The requirement of being able to observe the current state of the Windows 2000 user interface, and to execute selected user interface actions was achieved through the operating system instrumentation agent. This program when run in the target Windows 2000 OS, connects to the reinforcement learner through a TCP/IP socket connection, and commnicates with it using a simple human readable protocol. Through this agent, the learner is able to retrieve the current set of user interface objects along with their attributes, and also execute user interface commands on these objects.

Framework Diagram

Figure 1. This diagram shows the complete framework used in the Windows 2000 experiments. Only a single Reinforcement Learner and a single Target Environment are needed for our algorithm. However, the Cache process allows for the transparent, non-blocking multiplexing of multiple learners to multiple target environment. This multiplexing enables the environment state observations of the different learners to contribute to the cache in parallel, thereby speeding up the cache-building process, and reducing the wall-clock run-times of all learners. The multiplexing also allowing for better utilization of available hardware resources by removing the need of an individual target environment for each learner.

List of Framework Components

Given below are descriptions of each component of the experimental framework, along with links to code and configuration files. See the code section below for a complete archive of all the components, packaged for ease of compilation.

1. Reinforcement Learner [ code ] [ configuration ]

Command line :

This is the implementation of the algorithm presented in the paper.

2. Cache [ code ] [ configuration ]

Command line :

The primary bottleneck in this experimental framework is the need to interact with the Windows 2000 environment.
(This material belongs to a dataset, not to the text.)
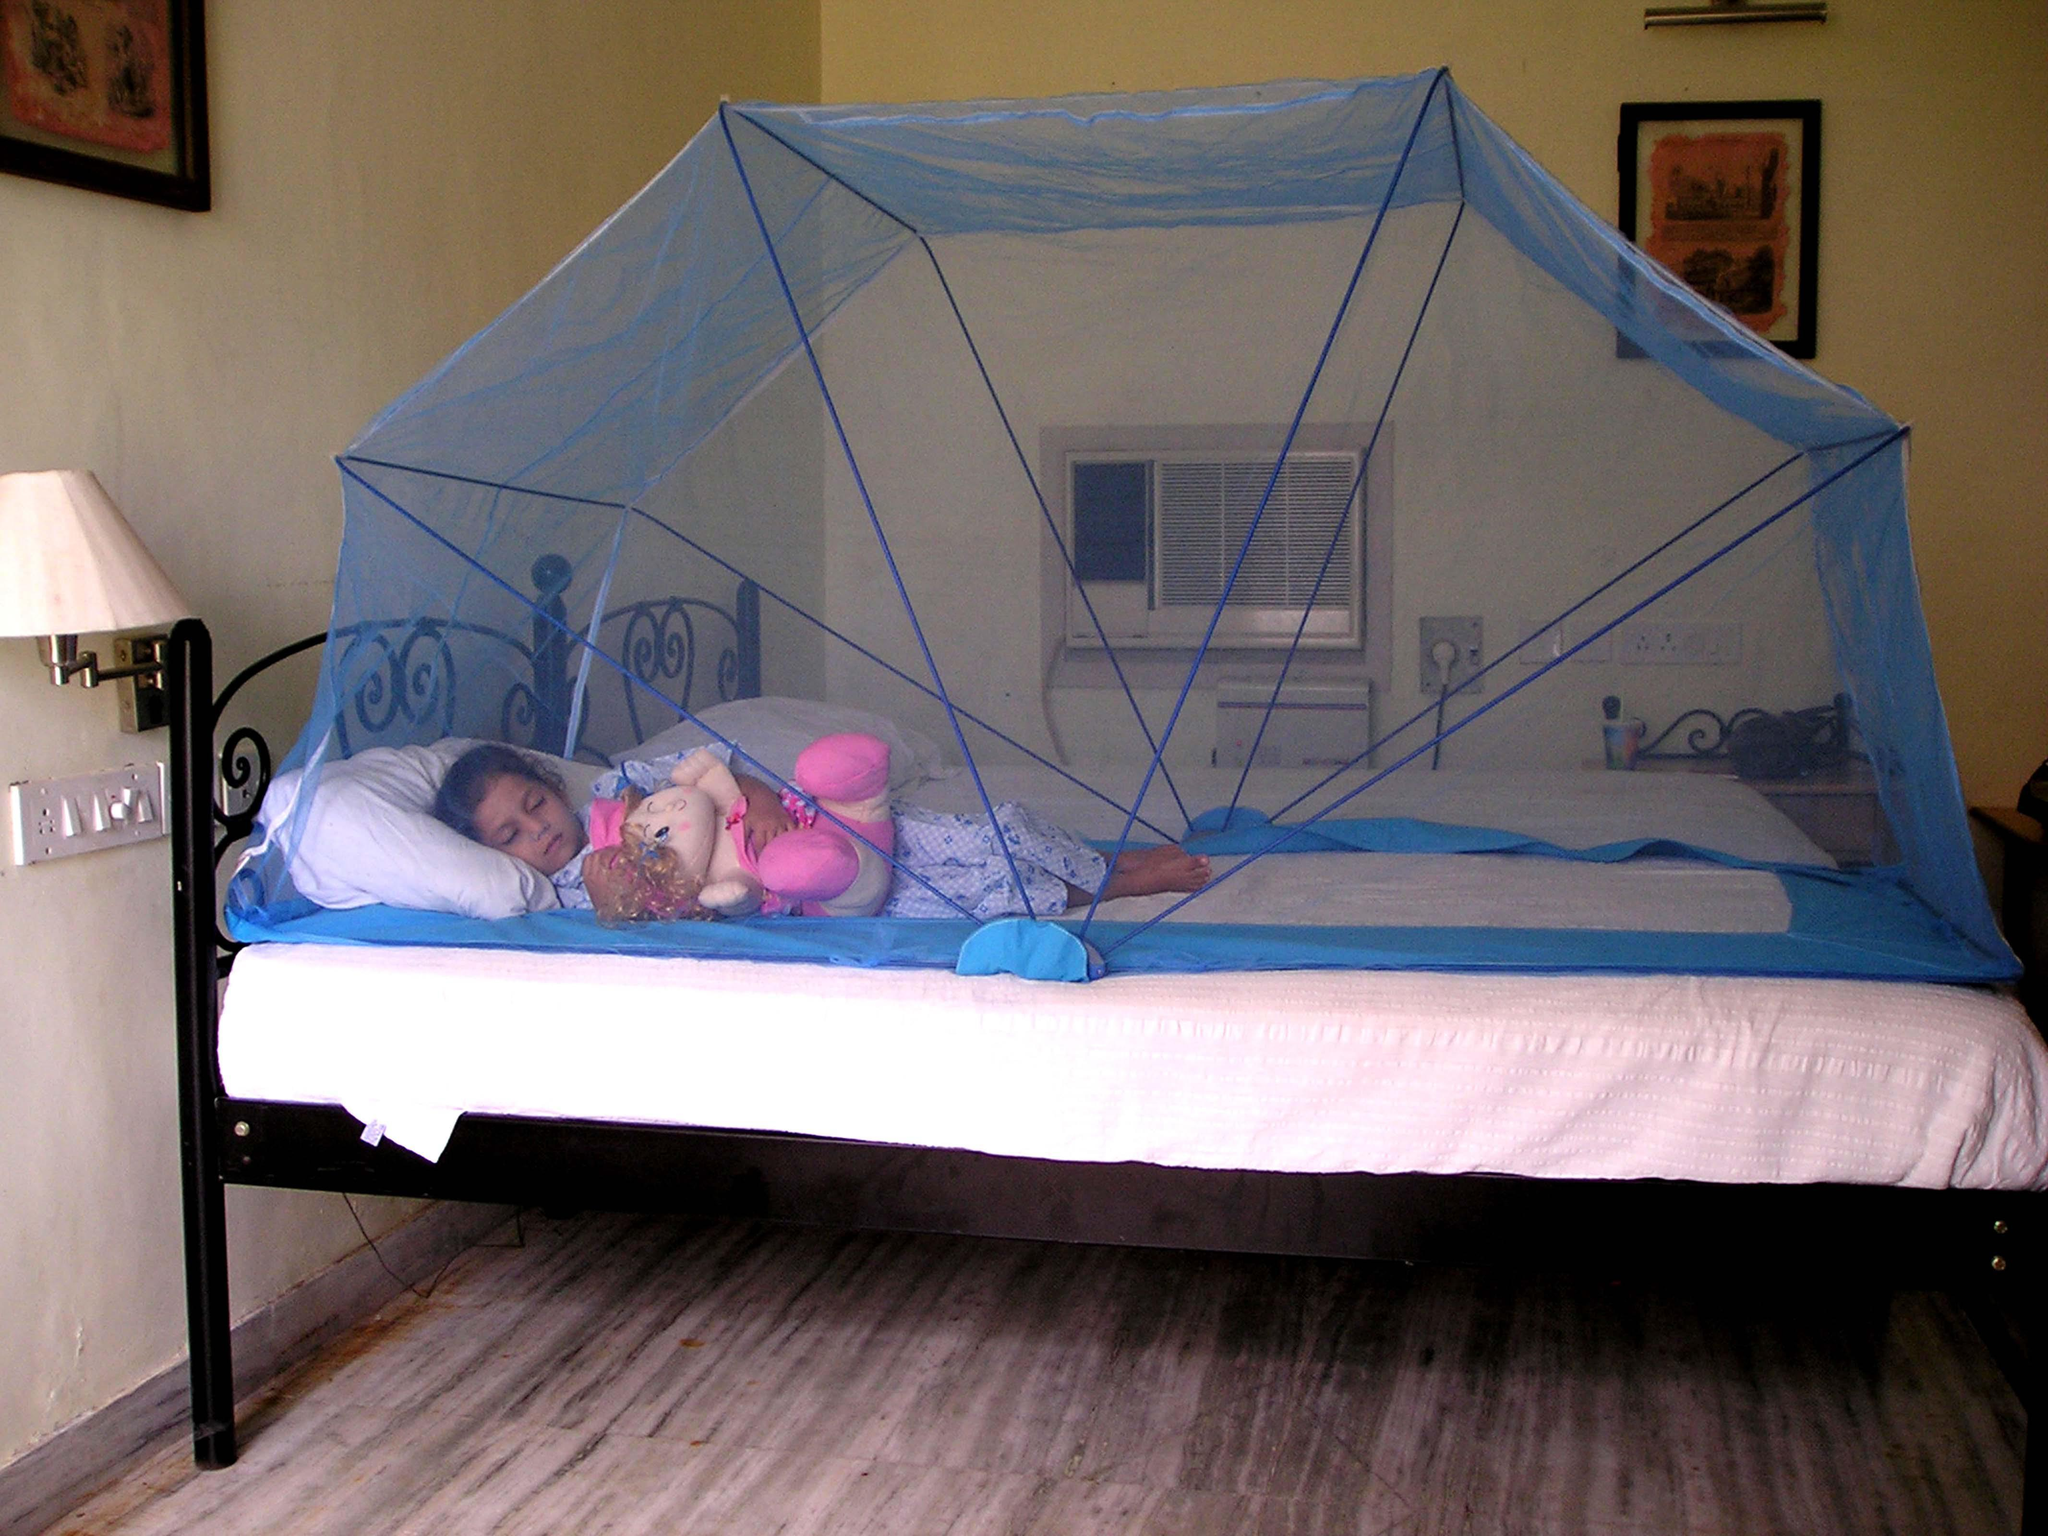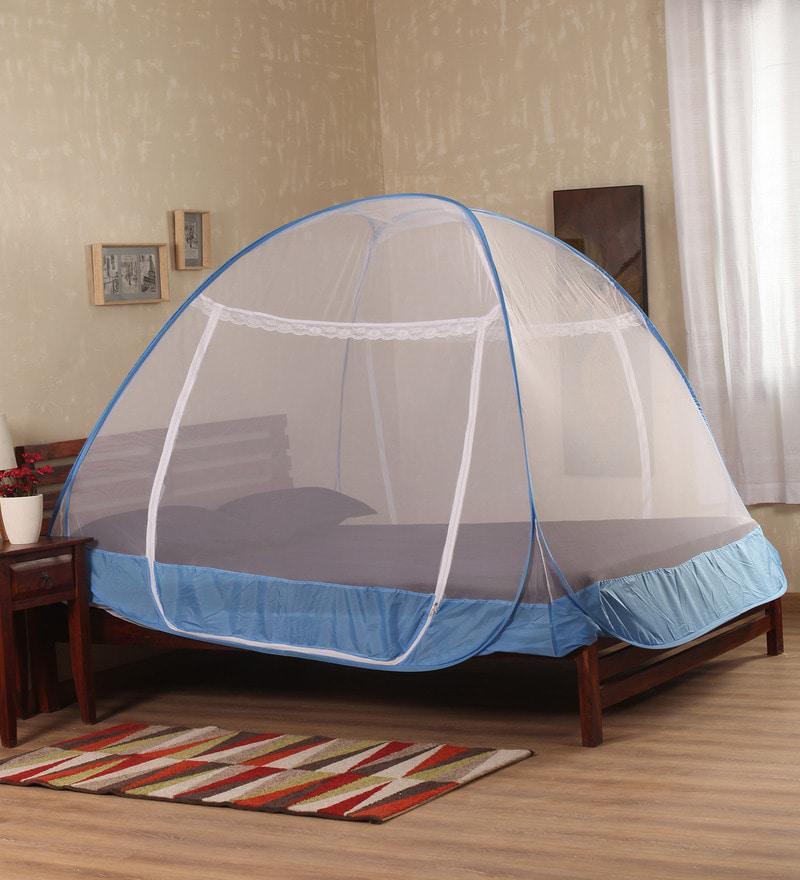The first image is the image on the left, the second image is the image on the right. For the images displayed, is the sentence "The left image shows a dome canopy with an open side." factually correct? Answer yes or no. No.

This interaction is expensive in terms of time: the environment needs to be reset for each document which takes approximately 30 seconds, and every command execution takes approximately 1 second to complete. The Cache is simply a processes that sits between the reinforcement learner and the environment, and transparently caches the communications protocol. Since the Windows 2000 environment is deterministic, caching at the protocol level allows for the interaction time cost to be significantly mitigated. The cache also allows for multiple learners to be multiplexed to multiple target environments, removing the need for dedicated target environments for each learner, and further improving performance via sharing of observations across environments.
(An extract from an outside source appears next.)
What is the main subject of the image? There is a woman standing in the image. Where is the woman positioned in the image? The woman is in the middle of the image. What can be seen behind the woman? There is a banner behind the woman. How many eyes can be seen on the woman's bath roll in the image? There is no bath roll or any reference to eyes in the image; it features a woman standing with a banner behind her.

3. VM snapshot reset process [ code ]

Command line : python vm_snapshot_reset_process.py 5002

This program allows the reinforcement learner to reset the Windows 2000 setup to an initial state through the command line interface of VMware. This code will need to be re-written if different virtualization software is used. If VMware is used, the following line in the code will need to be modified to point to the vmx file of your virtual machine:
sVMX = "/home/virtual-machines/vmware/win2k_sp4/TEST_WIN2K_SP4.vmx".

The number specified on the command line (5002) is the TCP/IP port on which the learner will attempt to connect to this process. This value needs to match the corresponding world_*_reset_service port specified in the cache configuration file. The default value is 5002.
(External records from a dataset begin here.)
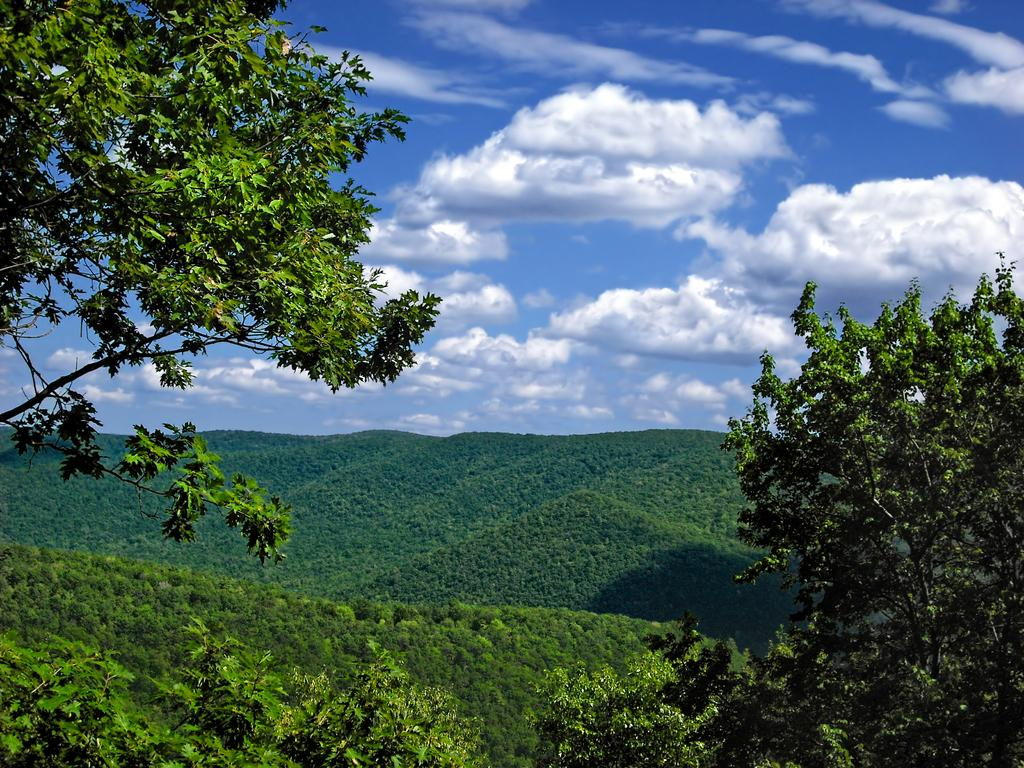What type of vegetation is present in the image? There are trees in the image. What geographical feature can be seen in the image? There is a mountain with grass in the image. What is the condition of the sky in the image? The sky is cloudy in the image. How does the feeling of the coast affect the mountain in the image? There is no coast present in the image, so the feeling of the coast cannot affect the mountain. 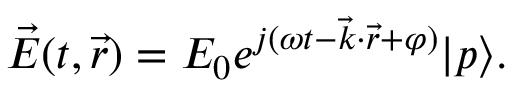<formula> <loc_0><loc_0><loc_500><loc_500>\vec { E } ( t , \vec { r } ) = E _ { 0 } e ^ { j ( \omega t - \vec { k } \cdot \vec { r } + \varphi ) } | p \rangle .</formula> 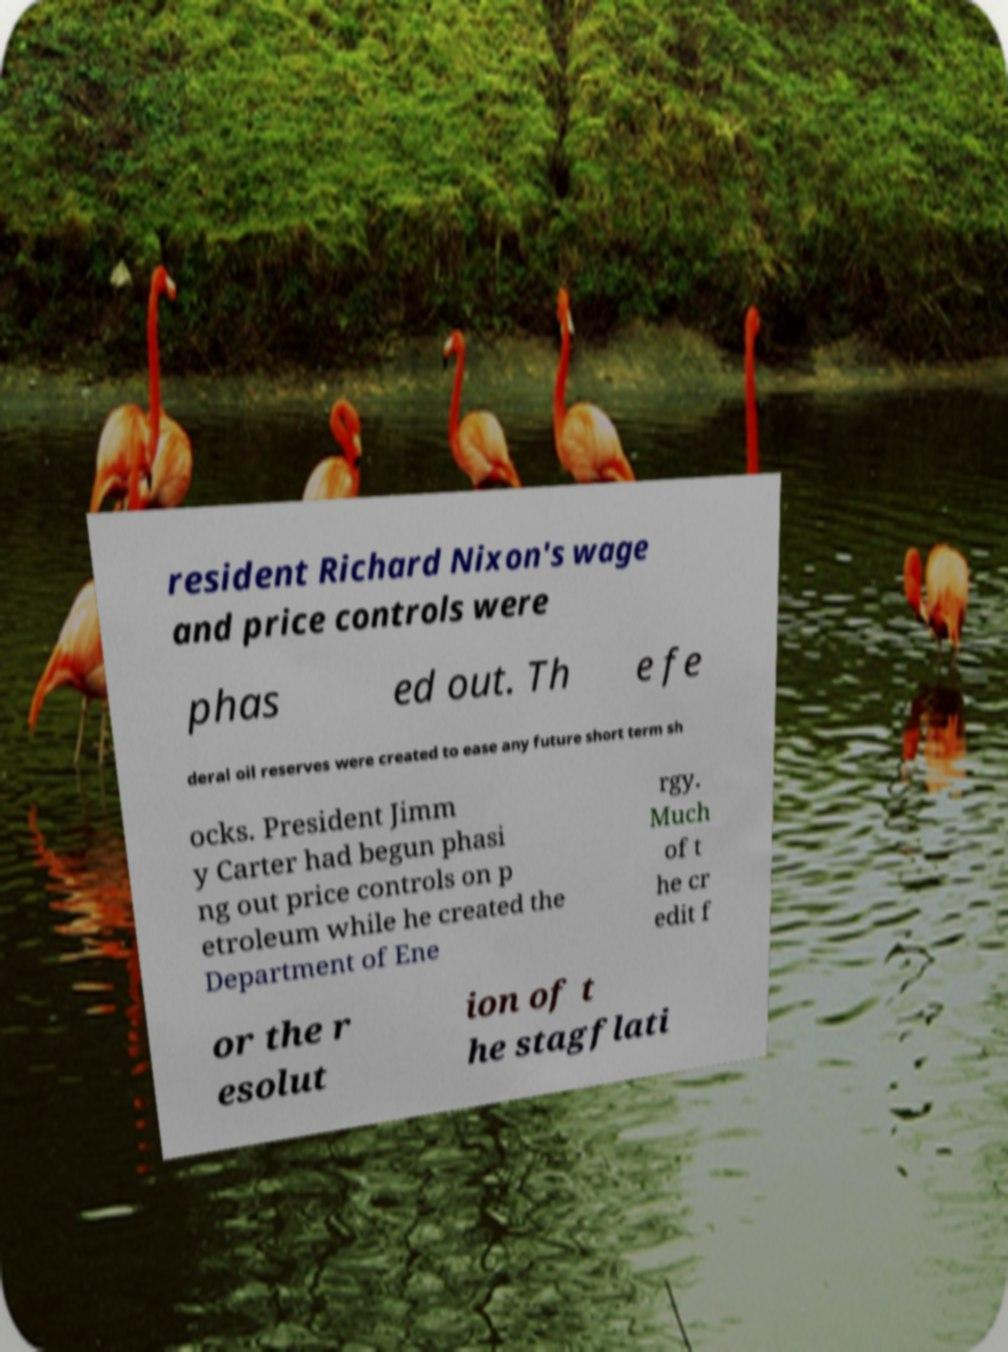Could you assist in decoding the text presented in this image and type it out clearly? resident Richard Nixon's wage and price controls were phas ed out. Th e fe deral oil reserves were created to ease any future short term sh ocks. President Jimm y Carter had begun phasi ng out price controls on p etroleum while he created the Department of Ene rgy. Much of t he cr edit f or the r esolut ion of t he stagflati

4. TCP packet relay [ code ]

Command line : tcp_relay 5000

This program is a simple TCP/IP packet relay. It allows the reinforcement learner to connect to the os instrumentation agent while insulating it from the effects of the virtual machine being reset.

The number specified on the command line (5000) is the TCP/IP port on which the learner will attempt to connect to this process. This value needs to match the corresponding world_*_agent_service port specified in the cache configuration file. The default value is 5000.

Operating system instrumentation agent

[

code ] [

runnable bundle (including dlls) ] [

configuration ]

This program is run by double-clicking on interact.exe from the Windows file explorer.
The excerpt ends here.